INPUT DATA =>
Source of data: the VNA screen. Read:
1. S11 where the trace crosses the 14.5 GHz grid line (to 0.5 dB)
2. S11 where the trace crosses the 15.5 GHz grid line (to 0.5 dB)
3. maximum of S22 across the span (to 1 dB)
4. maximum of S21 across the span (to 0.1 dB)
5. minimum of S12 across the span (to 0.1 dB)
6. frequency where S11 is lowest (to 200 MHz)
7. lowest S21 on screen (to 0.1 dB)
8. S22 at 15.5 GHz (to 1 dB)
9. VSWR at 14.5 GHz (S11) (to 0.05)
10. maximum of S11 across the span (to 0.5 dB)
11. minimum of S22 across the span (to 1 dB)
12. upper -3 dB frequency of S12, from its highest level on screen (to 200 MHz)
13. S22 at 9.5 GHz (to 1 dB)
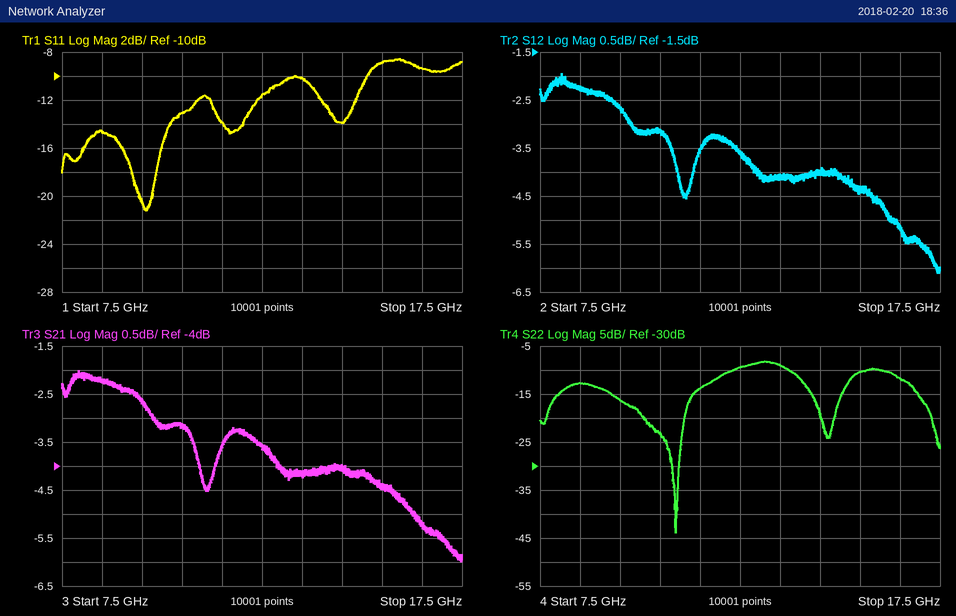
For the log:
-14.0 dB
-9.0 dB
-8 dB
-2.0 dB
-6.1 dB
9.6 GHz
-6.0 dB
-10 dB
1.50
-8.5 dB
-44 dB
16.2 GHz
-16 dB

WORK REQUEST => In the records above, the line with "2. S11 where" marks the start and the line with "7. lowest S21 on screen (to 0.1 dB)" marks the end; copy that stretch exactly, both lines included, and nothing else.

RESPONSE FOR THIS EXERCISE =>
2. S11 where the trace crosses the 15.5 GHz grid line (to 0.5 dB)
3. maximum of S22 across the span (to 1 dB)
4. maximum of S21 across the span (to 0.1 dB)
5. minimum of S12 across the span (to 0.1 dB)
6. frequency where S11 is lowest (to 200 MHz)
7. lowest S21 on screen (to 0.1 dB)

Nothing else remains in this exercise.